Usually, the Parties sign two copies of the agreement, each Party retaining one of them, but cal also arise the need to sign more copies. In this case all you have to do is mention explicitly the number of copies to be signed in the paragraph that is included at the end of the agreement (Both Parties declare their conformity to the present agreement, which is signed in ...... copies, each of which shall be considered an original).

GENERAL RECOMMENDATIONS

The Parties must sign all pages of the agreement, including Annexes, so they are also valid. It is better to use ball point or pen (not pencil) in a color other than black (e.g.: blue); this makes it easier to distinguish an original document from a photocopy.
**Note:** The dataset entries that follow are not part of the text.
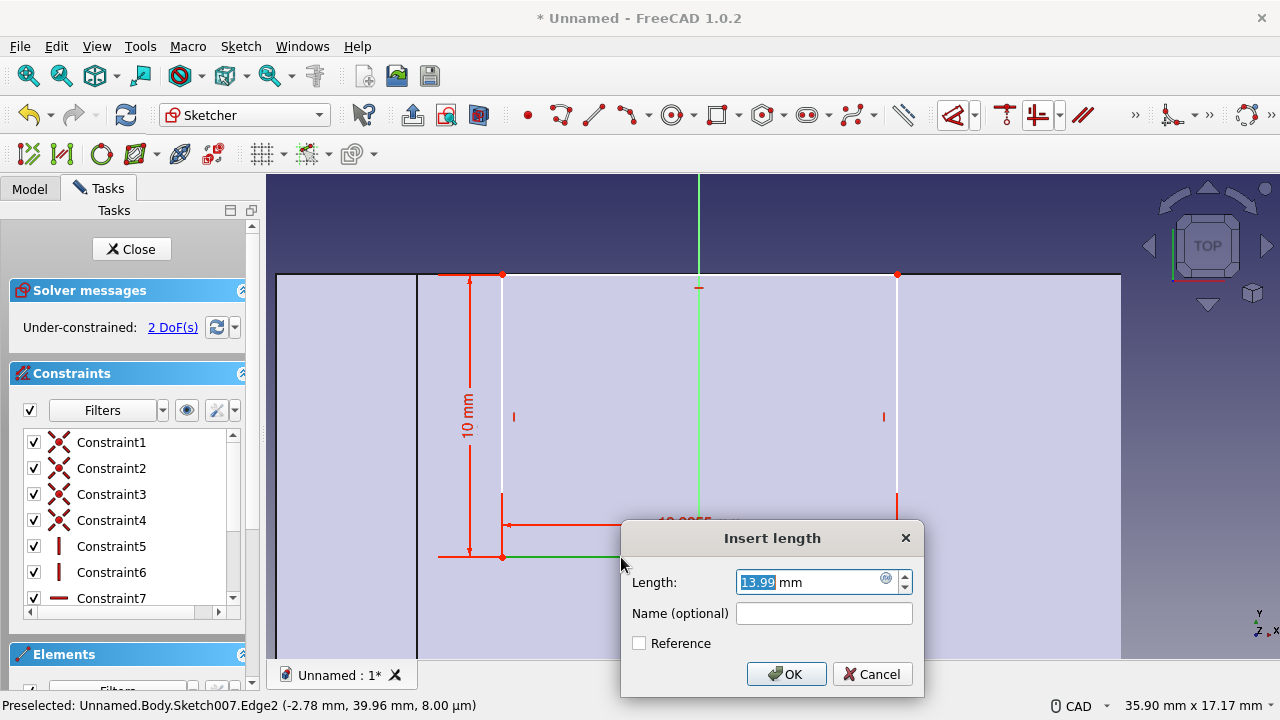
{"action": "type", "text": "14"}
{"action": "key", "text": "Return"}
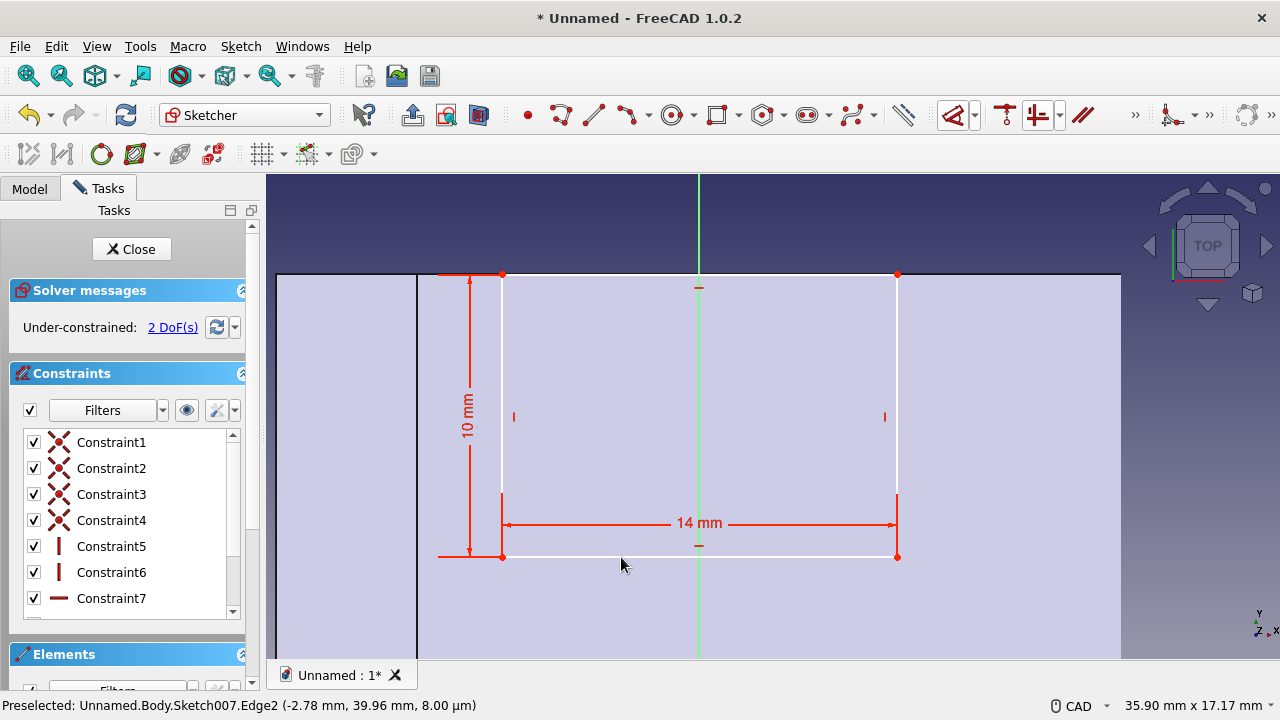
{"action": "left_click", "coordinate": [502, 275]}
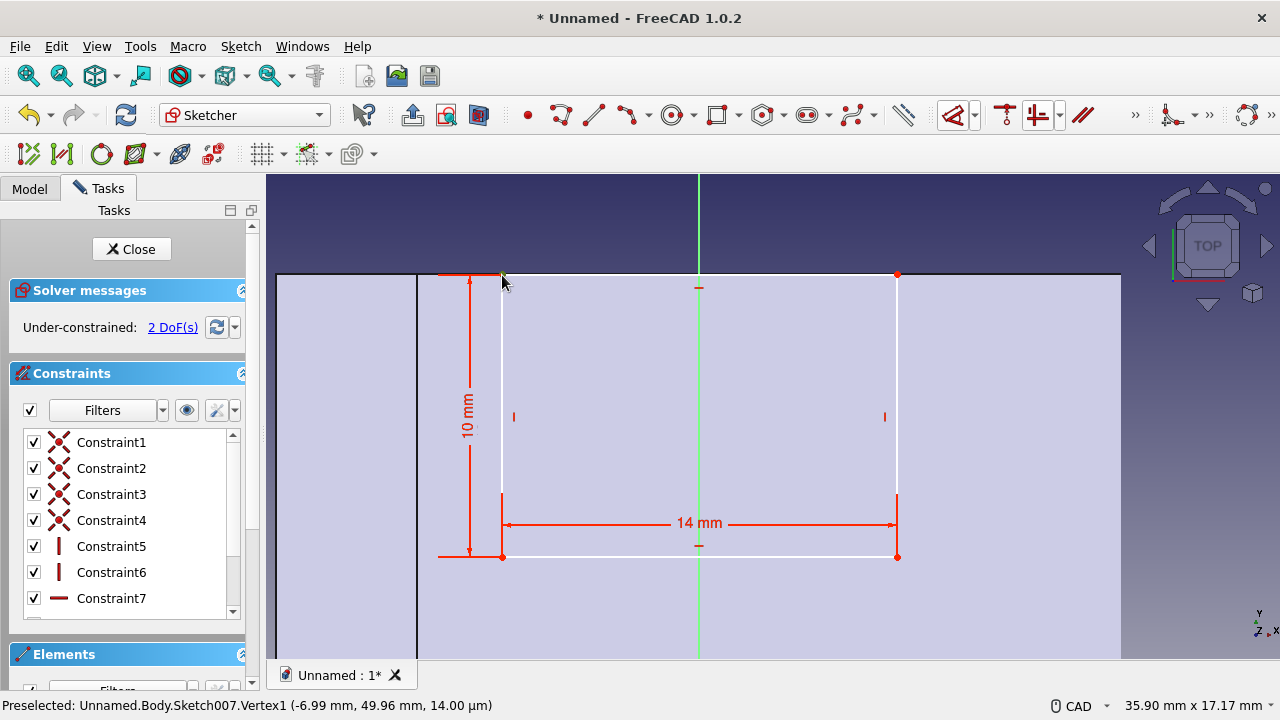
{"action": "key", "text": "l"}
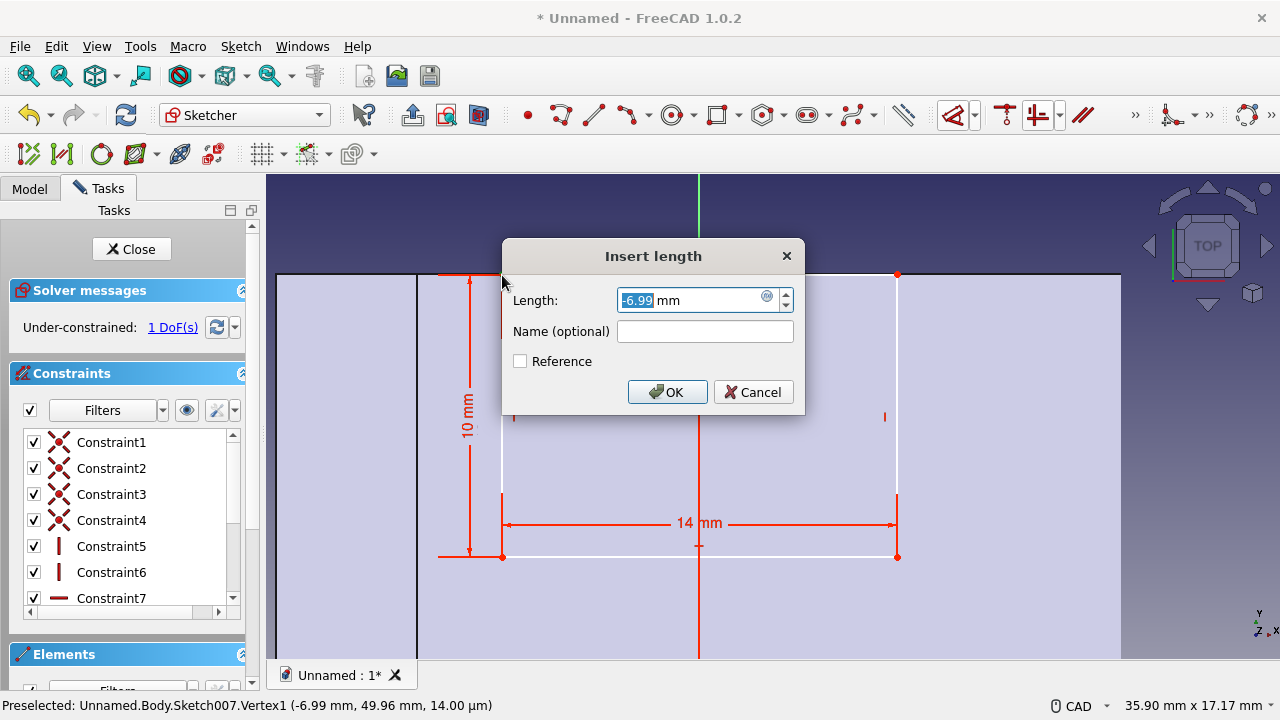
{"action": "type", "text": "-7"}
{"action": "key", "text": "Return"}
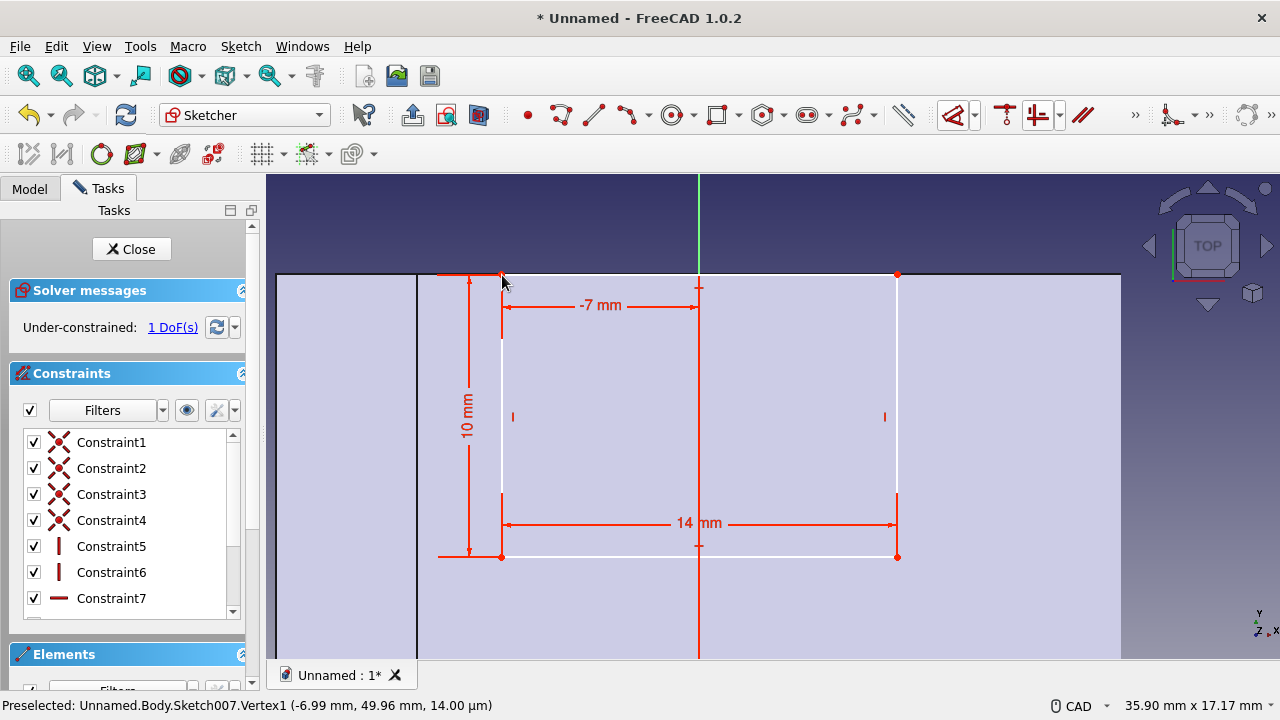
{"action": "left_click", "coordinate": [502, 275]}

It is preferable (although no mandatory) to express sums of money and percentages in words and figures. Of course, the words and figures for a given amount must match exactly. You also must insert the currency in which the amounts are expressed. It is advisable to use the rules establish by ISO that name each currency by three capital letters (EUR for euro, USD for dollar, GBP for sterling pound, JPY for Japanese yen, etc. - you can get the acronyms of every currency in the website www.oanda.com).

Once you have chosen the best alternatives of each clause and have completed the blank spaces you should revise the whole agreement to remove remaining paragraphs and correct any errors.

LEGAL WARNING

Depending upon your particular situation this agreement might not meet your needs and requirements. In case of doubt, you should consult a legal advisor. Global Marketing Strategies, S.L. as publisher and copyright holder of this agreement disclaims all warranties, whether express or implied, respecting the legal content of this agreement. For any claims arising out or in connection with the use of this agreement, Global Marketing Strategies shall be limited to a refund of the purchase price.